The difference between OR and RR may be described as follows: RR represents a ratio of the probabilities (p) or risks of an event or outcome across two groups; OR is a ratio of the odds of an event or outcome across two groups (5). OR is the ratio of two odds; RR is the ratio of two probabilities (P); odds of an event = P/(1-P).
Recommendations
We recommend using RR instead of the OR to calculate efficacy because efficacy is the reduction in the risk effected by the vaccine. To calculate the log-transformed RR standard errors, we used the formula in Altman's Statistics with Confidence (6). We have compared the table in their publication with a table that we created using the formula VE=(1-RR) x100. As shown in Table 1, the differences are small. The only noticeable discrepancy lies in the lower confidence interval for the >60 groups. It should be said that with the large numbers involved in a clinical trial, the prevalence or risk is low, and in such circumstances OR and RR are approximately equal. Nevertheless, we believe that it is important to use the correct formula for the calculation to provide not only the best evidence but also for following best practice.
References
1. Logunov DY, Dolzhikova I V, Shcheblyakov D V, Tukhvatulin AI, Zubkova O V, Dzharullaeva AS, et al.

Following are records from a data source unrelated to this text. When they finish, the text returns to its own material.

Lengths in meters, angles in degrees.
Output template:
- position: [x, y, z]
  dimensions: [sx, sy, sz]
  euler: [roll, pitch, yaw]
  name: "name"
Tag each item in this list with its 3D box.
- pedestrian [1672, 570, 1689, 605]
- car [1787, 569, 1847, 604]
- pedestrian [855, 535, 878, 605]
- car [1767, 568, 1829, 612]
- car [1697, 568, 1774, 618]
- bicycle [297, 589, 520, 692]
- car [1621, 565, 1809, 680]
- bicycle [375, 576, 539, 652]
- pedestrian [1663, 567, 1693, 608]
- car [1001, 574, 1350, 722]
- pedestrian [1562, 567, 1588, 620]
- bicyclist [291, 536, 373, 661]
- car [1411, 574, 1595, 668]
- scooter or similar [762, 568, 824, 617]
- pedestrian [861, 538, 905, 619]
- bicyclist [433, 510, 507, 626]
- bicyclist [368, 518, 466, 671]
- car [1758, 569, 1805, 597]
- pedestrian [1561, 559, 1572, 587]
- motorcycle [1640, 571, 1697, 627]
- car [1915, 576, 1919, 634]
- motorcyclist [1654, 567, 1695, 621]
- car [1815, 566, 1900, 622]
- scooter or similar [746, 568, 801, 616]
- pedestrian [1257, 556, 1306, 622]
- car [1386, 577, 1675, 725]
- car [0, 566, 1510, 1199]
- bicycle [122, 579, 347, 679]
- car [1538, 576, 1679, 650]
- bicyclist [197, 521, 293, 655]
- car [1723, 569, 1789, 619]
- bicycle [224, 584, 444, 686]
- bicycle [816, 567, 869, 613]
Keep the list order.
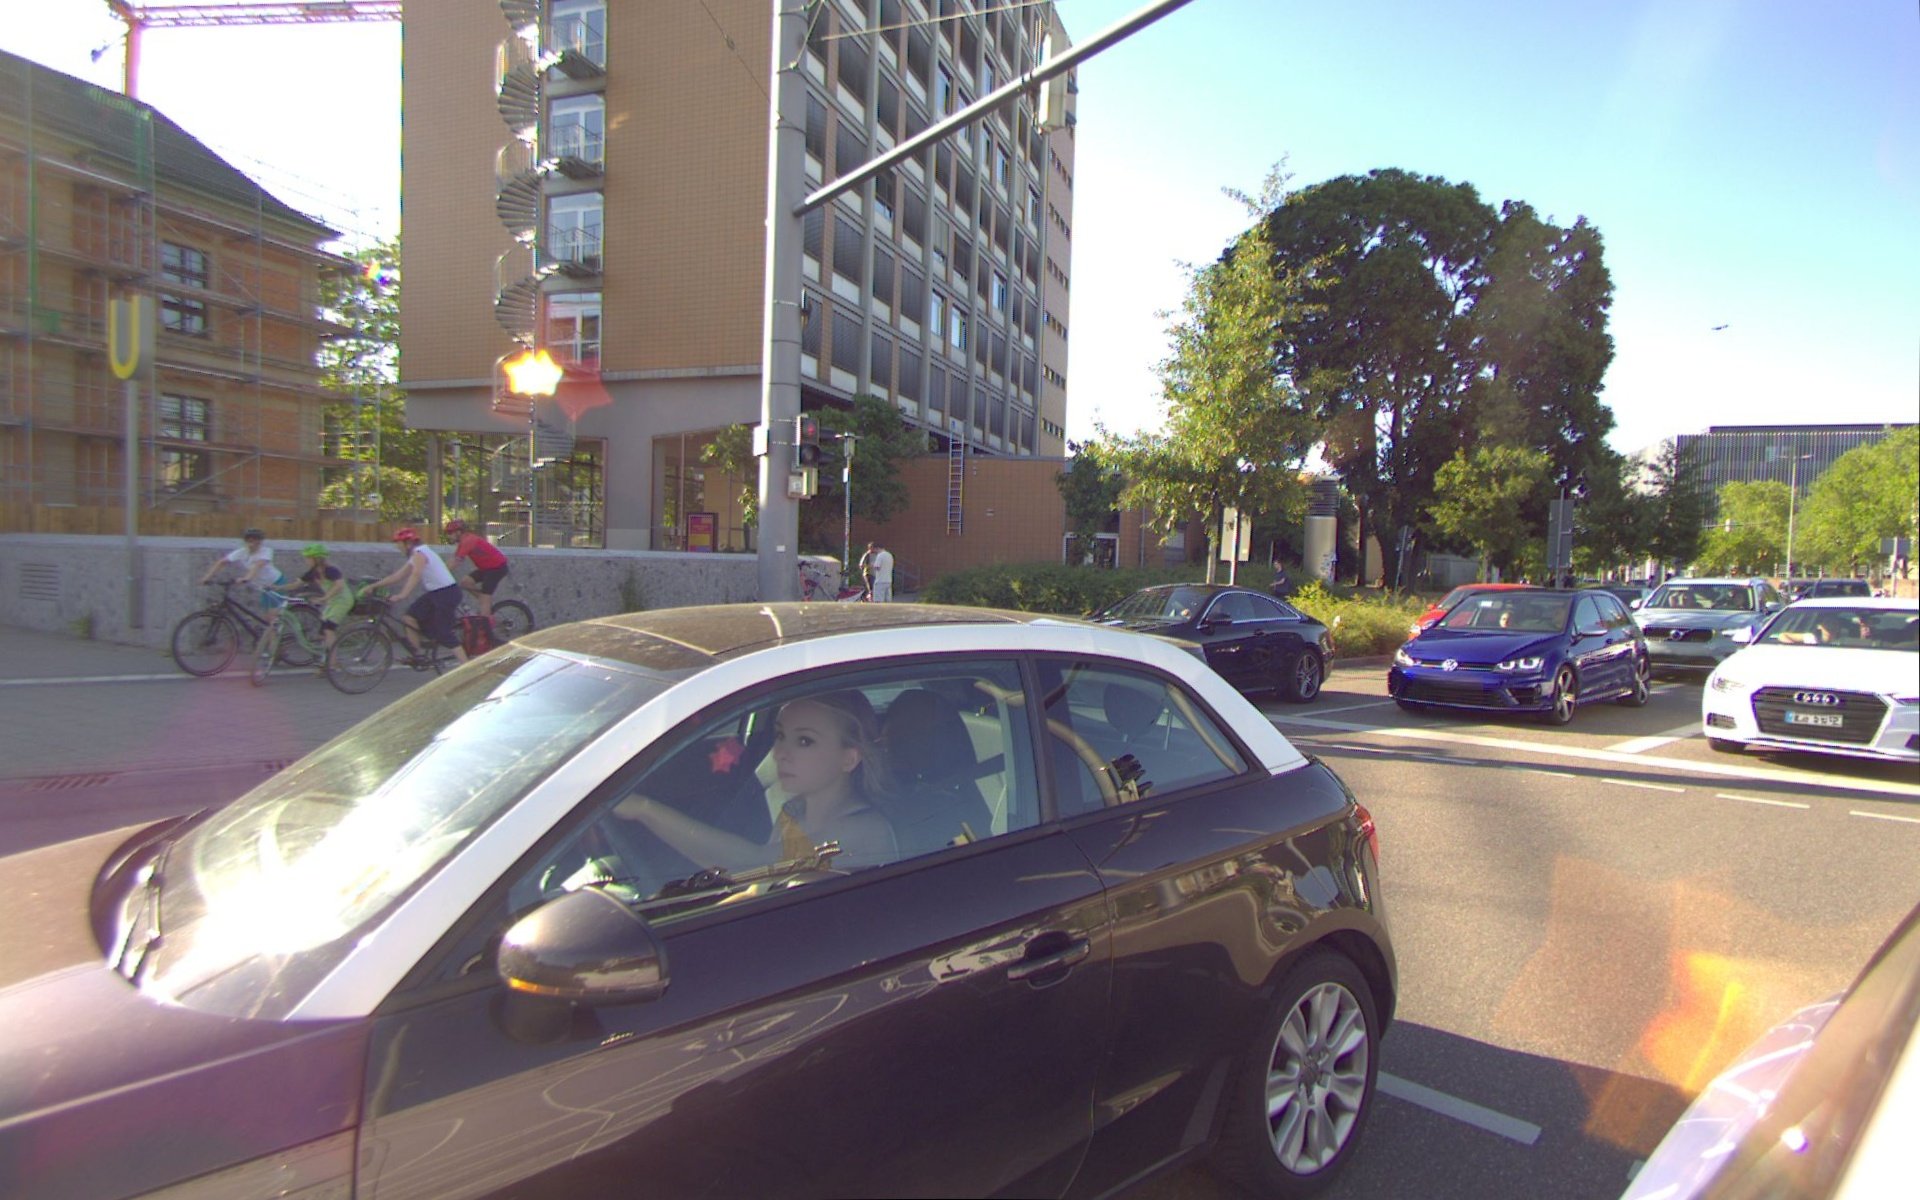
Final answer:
- position: [33.340, -0.578, 46.824]
  dimensions: [0.593, 1.614, 0.586]
  euler: [1, 1, 43]
  name: "pedestrian"
- position: [48.421, -0.788, 57.264]
  dimensions: [1.865, 1.838, 3.957]
  euler: [3, 3, 31]
  name: "car"
- position: [-2.345, -0.757, 25.438]
  dimensions: [0.441, 1.753, 0.371]
  euler: [1, 1, 37]
  name: "pedestrian"
- position: [37.610, -0.480, 45.499]
  dimensions: [1.869, 1.838, 3.948]
  euler: [3, 3, 36]
  name: "car"
- position: [26.885, -0.281, 35.026]
  dimensions: [1.740, 1.564, 3.939]
  euler: [3, 3, 42]
  name: "car"
- position: [-5.881, 0.390, 10.883]
  dimensions: [2.002, 0.975, 0.658]
  euler: [-2, 2, -44]
  name: "bicycle"
- position: [12.268, 0.258, 16.349]
  dimensions: [4.152, 1.641, 1.626]
  euler: [-2, 2, -42]
  name: "car"
- position: [-7.025, 0.164, 14.174]
  dimensions: [1.996, 0.975, 0.661]
  euler: [-1, 3, -33]
  name: "bicycle"
- position: [36.192, -0.631, 50.988]
  dimensions: [1.138, 2.038, 1.268]
  euler: [1, 1, 40]
  name: "pedestrian"
- position: [2.691, 0.419, 12.021]
  dimensions: [4.432, 1.422, 1.726]
  euler: [-2, 2, -40]
  name: "car"
- position: [22.439, -0.231, 36.932]
  dimensions: [0.681, 1.909, 0.466]
  euler: [-1, 1, -22]
  name: "pedestrian"
- position: [-6.979, -0.028, 11.246]
  dimensions: [0.662, 1.331, 0.616]
  euler: [-1, 1, -43]
  name: "bicyclist"
- position: [9.731, 0.285, 18.036]
  dimensions: [3.972, 1.478, 1.626]
  euler: [-2, 2, -42]
  name: "car"
- position: [-3.511, -0.176, 21.303]
  dimensions: [0.341, 1.008, 1.351]
  euler: [1, 2, 44]
  name: "scooter or similar"
- position: [-1.637, -0.458, 21.495]
  dimensions: [0.591, 1.659, 0.678]
  euler: [-1, 5, -41]
  name: "pedestrian"
- position: [-6.891, -0.448, 14.240]
  dimensions: [0.854, 1.580, 0.618]
  euler: [-1, 1, -33]
  name: "bicyclist"
- position: [-5.850, -0.071, 10.904]
  dimensions: [0.781, 1.572, 0.667]
  euler: [-1, 1, -43]
  name: "bicyclist"
- position: [55.685, -1.179, 68.656]
  dimensions: [1.865, 1.838, 3.957]
  euler: [3, 3, 31]
  name: "car"
- position: [34.264, -1.539, 57.174]
  dimensions: [0.543, 1.549, 0.598]
  euler: [0, 1, 32]
  name: "pedestrian"
- position: [17.359, -0.057, 24.782]
  dimensions: [2.198, 1.321, 0.716]
  euler: [-2, 2, -44]
  name: "motorcycle"
- position: [28.083, 0.138, 28.411]
  dimensions: [1.741, 1.564, 3.938]
  euler: [3, 3, 43]
  name: "car"
- position: [17.827, -0.165, 25.244]
  dimensions: [0.723, 1.321, 0.716]
  euler: [-1, 2, -43]
  name: "motorcyclist"
- position: [32.279, -0.258, 36.495]
  dimensions: [1.869, 1.838, 3.948]
  euler: [3, 3, 36]
  name: "car"
- position: [-3.982, -0.185, 21.691]
  dimensions: [0.340, 1.008, 1.357]
  euler: [0, 1, 32]
  name: "scooter or similar"
- position: [8.678, -0.301, 27.302]
  dimensions: [1.006, 1.742, 0.873]
  euler: [1, 1, 41]
  name: "pedestrian"
- position: [6.756, 0.461, 11.829]
  dimensions: [3.929, 1.422, 1.627]
  euler: [-2, 2, -39]
  name: "car"
- position: [-0.427, 0.638, 2.343]
  dimensions: [3.929, 1.422, 1.627]
  euler: [-2, 2, -39]
  name: "car"
- position: [-8.154, 0.280, 11.490]
  dimensions: [0.653, 0.975, 2.019]
  euler: [4, 3, 24]
  name: "bicycle"
- position: [14.415, 0.212, 22.428]
  dimensions: [3.972, 1.478, 1.626]
  euler: [-2, 2, -42]
  name: "car"
- position: [-8.128, -0.144, 11.519]
  dimensions: [0.610, 1.472, 0.668]
  euler: [0, 1, 22]
  name: "bicyclist"
- position: [31.379, -0.280, 39.991]
  dimensions: [1.869, 1.838, 3.948]
  euler: [3, 3, 36]
  name: "car"
- position: [-6.939, 0.345, 11.305]
  dimensions: [2.002, 0.974, 0.659]
  euler: [-2, 5, -44]
  name: "bicycle"
- position: [-2.595, -0.223, 22.392]
  dimensions: [1.134, 1.016, 0.357]
  euler: [0, 1, -9]
  name: "bicycle"

Safety and efficacy of an rAd26 and rAd5 vector-based heterologous prime-boost COVID-19 vaccine: an interim analysis of a randomised controlled phase 3 trial in Russia. Lancet [Internet]. 2021;397(10275):671–81. Available from: http://dx.doi.org/10.1016/S0140-6736(21)00234-8
2. UCLA. Measuring Effectiveness of Immunisation Programs. 1996;(1):1–20. Available from: http://www.ph.ucla.edu/EPI/41508/415cmat/lect14_41508.pdf
3. Hodgson SH, Mansatta K, Mallett G, Harris V, Emary KRW, Pollard AJ. What defines an efficacious COVID-19 vaccine? A review of the challenges assessing the clinical efficacy of vaccines against SARS-CoV-2. Lancet Infect Dis [Internet]. 2021;21(2):e26–35. Available from: http://dx.doi.org/10.1016/S1473-3099(20)30773-8
4. Spiegelhalter D, Masters A. 2021. Behind the numbers: what does it mean if a Covid vaccine has 90% efficacy? Available from: https://www.theguardian.com/theobserver/commentisfree/2021/jan/24/behind-the-numbers-what-does-it-mean-if-covid-vaccine-has-90-per-cent-eifficacy) [Accessed 21 Jan 2021]
5. Ranganathan P, Aggarwal R, Pramesh C. Common pitfalls in statistical analysis: Odds versus risk. Perspect Clin Res. 2015;6(4):222.
6. Altman, Douglas G., Machin, David, Bryant, Trevor N. and Gardner, Martin J. (eds.) (2000) Statistics with confidence: confidence intervals and statistical guidelines, 2nd ed. London. BMJ Books, 254pp.